> **Task prompt**:
Starting from the line with "a cosine function)", transcribe each line to the end of the records below. Copy them exactly and write nothing else.

> **Dataset records**:
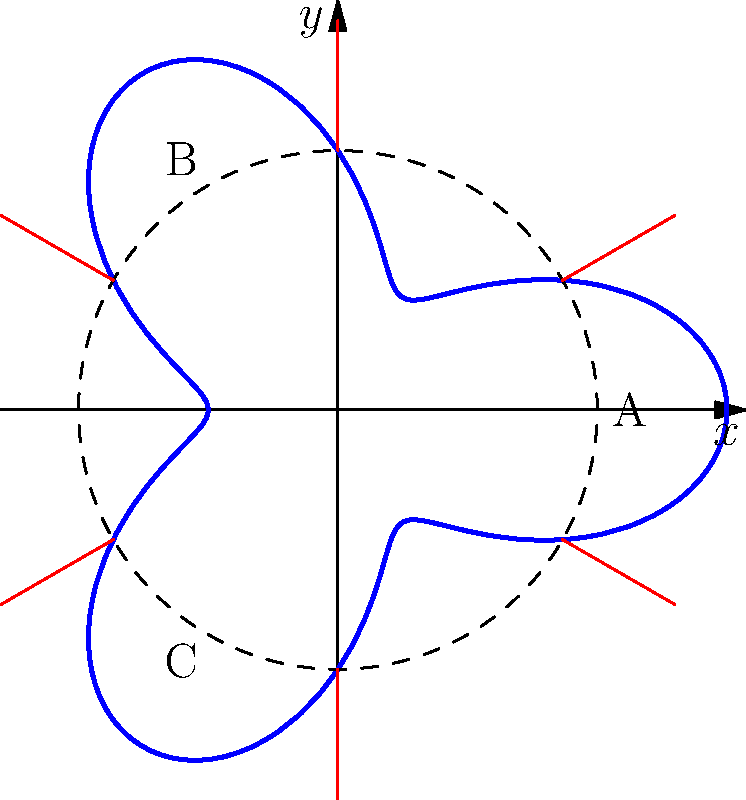As a contract attorney specializing in military aid and defense contracts, you are tasked with optimizing the distribution of defense resources across a circular region. The region's boundary is defined by the polar equation $r = 2 + \cos(3\theta)$, where $r$ is measured in hundreds of kilometers. Three key strategic points A, B, and C are located at $(2,0)$, $(-1,\sqrt{3})$, and $(-1,-\sqrt{3})$ respectively. What is the total area (in square hundreds of kilometers) that needs to be covered by the defense system to ensure protection of the entire region? To solve this problem, we need to follow these steps:

1) The area of a region in polar coordinates is given by the formula:

   $$A = \frac{1}{2} \int_{0}^{2\pi} r^2(\theta) d\theta$$

2) In our case, $r(\theta) = 2 + \cos(3\theta)$. We need to square this:

   $$r^2(\theta) = (2 + \cos(3\theta))^2 = 4 + 4\cos(3\theta) + \cos^2(3\theta)$$

3) Now, we can integrate this from 0 to $2\pi$:

   $$A = \frac{1}{2} \int_{0}^{2\pi} (4 + 4\cos(3\theta) + \cos^2(3\theta)) d\theta$$

4) Let's break this into parts:
   
   - $\int_{0}^{2\pi} 4 d\theta = 8\pi$
   - $\int_{0}^{2\pi} 4\cos(3\theta) d\theta = 0$ (because it's a full period of a cosine function)
   - $\int_{0}^{2\pi} \cos^2(3\theta) d\theta = \pi$ (this is a standard result)

5) Adding these up:

   $$A = \frac{1}{2} (8\pi + 0 + \pi) = \frac{9\pi}{2}$$

6) Therefore, the total area is $\frac{9\pi}{2}$ square hundreds of kilometers.
Answer: $\frac{9\pi}{2}$ square hundreds of kilometers

> **Answer below**:
   - $\int_{0}^{2\pi} 4\cos(3\theta) d\theta = 0$ (because it's a full period of a cosine function)
   - $\int_{0}^{2\pi} \cos^2(3\theta) d\theta = \pi$ (this is a standard result)

5) Adding these up:

   $$A = \frac{1}{2} (8\pi + 0 + \pi) = \frac{9\pi}{2}$$

6) Therefore, the total area is $\frac{9\pi}{2}$ square hundreds of kilometers.
Answer: $\frac{9\pi}{2}$ square hundreds of kilometers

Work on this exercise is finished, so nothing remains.